Premafin et Fondiaria Sai progressent sur la voie de leurs augmentations de capital
Groupama ne pousse pas seulement ses pions en Chine. L’assureur mutualiste a aussi des fers au feu en Italie. Il s’est engagé dans le cadre d’une augmentation de capital à prendre 17,1% de Premafin, la holding de la famille Ligresti, qui contrôle elle-même à 41,6% (dont 37,5% en direct) la compagnie Fondiaria Sai. Les deux groupes transalpins préparent respectivement des appels au marché de 225 millions et 460 millions d’euros, et ont franchi ces derniers jours de nouveaux obstacles.
Premafin a ainsi signé le 22 décembre la restructuration de sa dette bancaire, de 322,5 millions d’euros, constituée d’une tranche à terme et d’une ligne revolving. Le plan d’amortissement de la première tranche a été revu, avec une suspension des échéances prévues le 31 décembre 2010 et 2011. Celles de 2012 et 2013 sont ramenées respectivement à 15 millions et 35 millions. En revanche, si Premafin mène à bien son augmentation de capital, un remboursement de 40 millions sur la première tranche et de 10 millions sur la ligne renouvelable interviendra avant le 30 juin 2011.
Les banques, UniCredit en tête, ont aussi accepté d’accorder une nouvelle ligne revolving de 15 millions, utilisable seulement si la holding rate son appel au marché. L’ensemble des concours bancaires sont garantis par les titres Fondiaria Sai du groupe.
Le groupe de banques chargées de diriger l’augmentation de capital est par ailleurs en place. Credit Suisse, qui dirige l’opération, partagera le risque avec KBW et RBS, retenus en tant que joint lead managers.

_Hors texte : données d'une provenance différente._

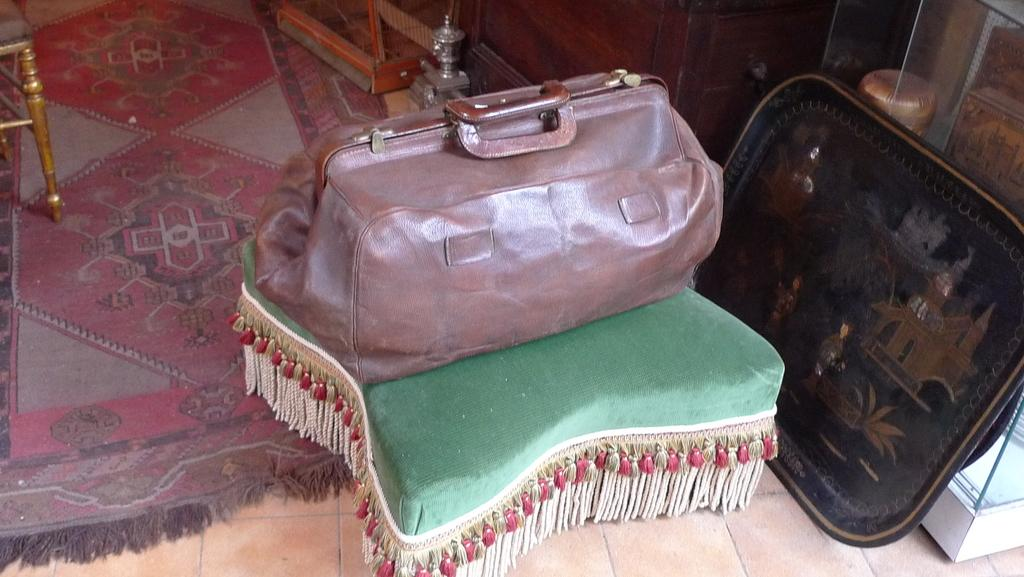What piece of furniture is present in the image? There is a table in the image. What object is placed on the table? There is a bag on the table. How many tomatoes are growing on the mitten in the image? There are no tomatoes or mittens present in the image.

En deuxième ligne, les régionaux de l’étape, Banca Akros, Popolare di Milano et Equita participeront comme co-lead managers.
Ce même consortium dirigera aussi l’appel au marché de Fondiaria Sai, qui a convoqué à cet effet une assemblée générale extraordinaire le 25 janvier. Une opération à laquelle Premafin est censée contribuer à hauteur de 100 millions d’euros, ce qui diluerait sa part dans l’assureur italien. Fondiaria continue aussi à nettoyer son bilan: elle a dégagé une plus-value de 31 millions d’euros en vendant cette semaine une exploitation agricole.
Reste encore un obstacle de taille à passer, a priori d’ici à la fin de l’année. L’autorité boursière italienne, la Consob, doit encore décider si l’accord entre Groupama et les Ligresti constitue une action de concert. Ce qui pourrait alors faire tomber à l’eau l’opération Premafin.